- Pinion Pines Location within Mohave County Pinion Pines Pinion Pines (the United States)
- Coordinates: 35°08′48″N 113°54′21″W﻿ / ﻿35.14667°N 113.90583°W
- Country: United States
- State: Arizona
- County: Mohave

Area
- • Total: 1.50 sq mi (3.89 km^{2})
- • Land: 1.50 sq mi (3.89 km^{2})
- • Water: 0.00 sq mi (0.00 km^{2})
- Elevation: 5,082 ft (1,549 m)

Population (2020)
- • Total: 158
- • Density: 105.12/sq mi (40.60/km^{2})
- Time zone: UTC-7 (MST)
- ZIP code: 86401
- Area code: 928
- FIPS code: 04-55983
- GNIS feature ID: 2582846

= Pinion Pines, Arizona =

Pinion Pines is an unincorporated community and census-designated place (CDP) in Mohave County, Arizona, United States. The population was 158 at the 2020 census.

==Geography==
Pinion Pines is located in central Mohave County at the north end of the Hualapai Mountains. It is 10 mi southeast of Kingman, the county seat, via Hualapai Mountain Road and DW Ranch Road. According to the United States Census Bureau, the CDP has a total area of 1.5 sqmi, all land.

==Demographics==

As of the 2010 census, there were 186 people living in the CDP: 87 male and 99 female. 35 were 19 years old or younger, 12 were ages 20–34, 33 were between the ages of 35 and 49, 57 were between 50 and 64, and the remaining 49 were aged 65 and above. The median age was 54.7 years.

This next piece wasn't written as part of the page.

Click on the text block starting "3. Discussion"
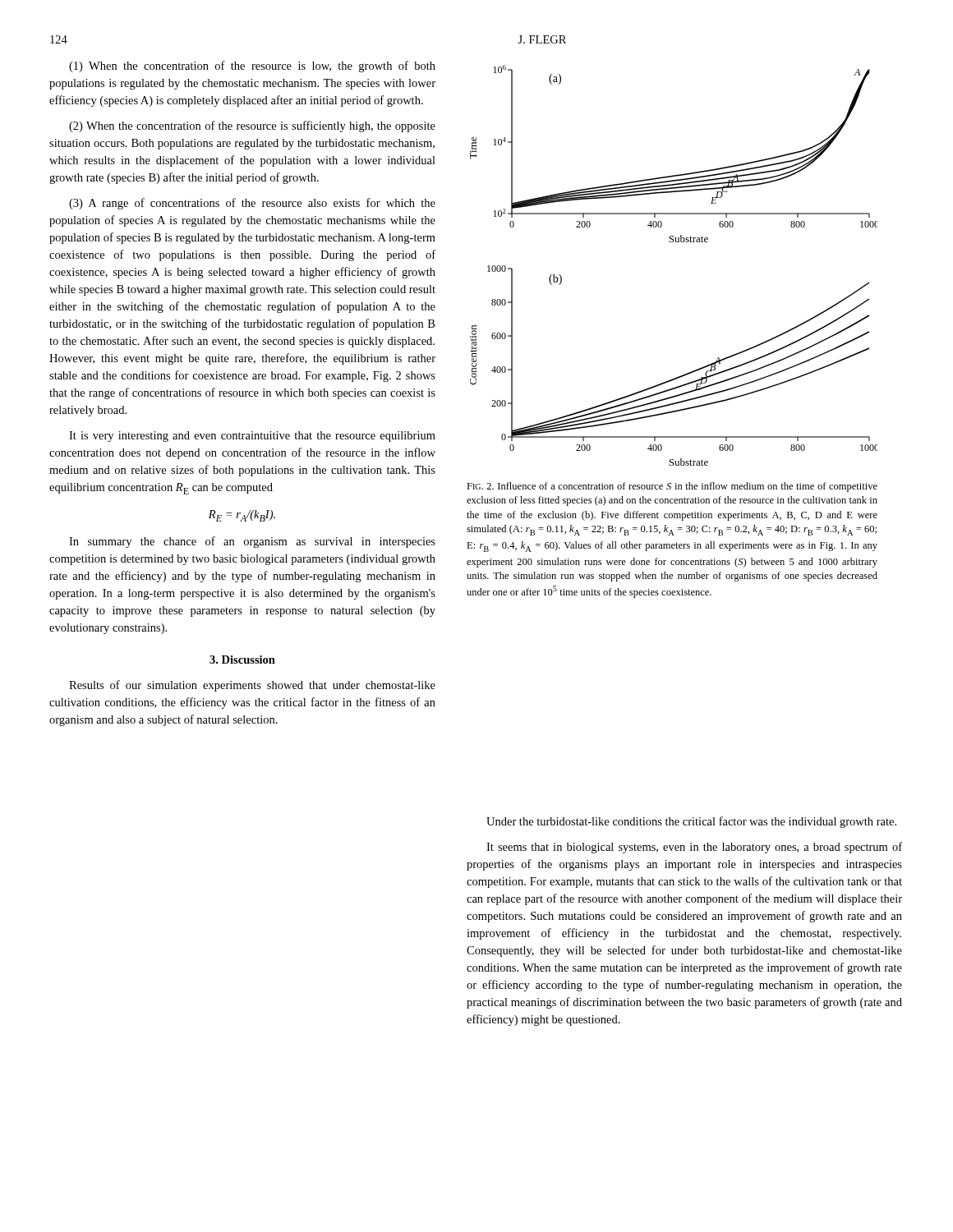 pyautogui.click(x=242, y=659)

The racial makeup of the CDP was 95.2% White, 0.5% Asian, 3.8 Other, and 0.5% two or more races. 5.4% of the population were Hispanic or Latino of any race.

There were 80 households in the CDP, 58 family households (72.5%) and 22 non-family households (27.5%), with an average household size of 2.33. Of the family households, 48 were married couples living together, while there were 4 single fathers and 6 single mothers; the non-family households included 17 adults living alone: 5 male and 12 female.

The CDP contained 102 housing units, of which 80 were occupied and 22 were vacant.

As of July 2016, the average home value in Pinion Pines was $338,487. The average household income was $69,544, with a per capita income of $30,311.

Historical population
| Census | Pop. | Note | %± |
| 2010 | 186 |  | — |
| 2020 | 158 |  | −15.1% |
U.S. Decennial Census

==Education==
The CDP is in the Kingman Unified School District.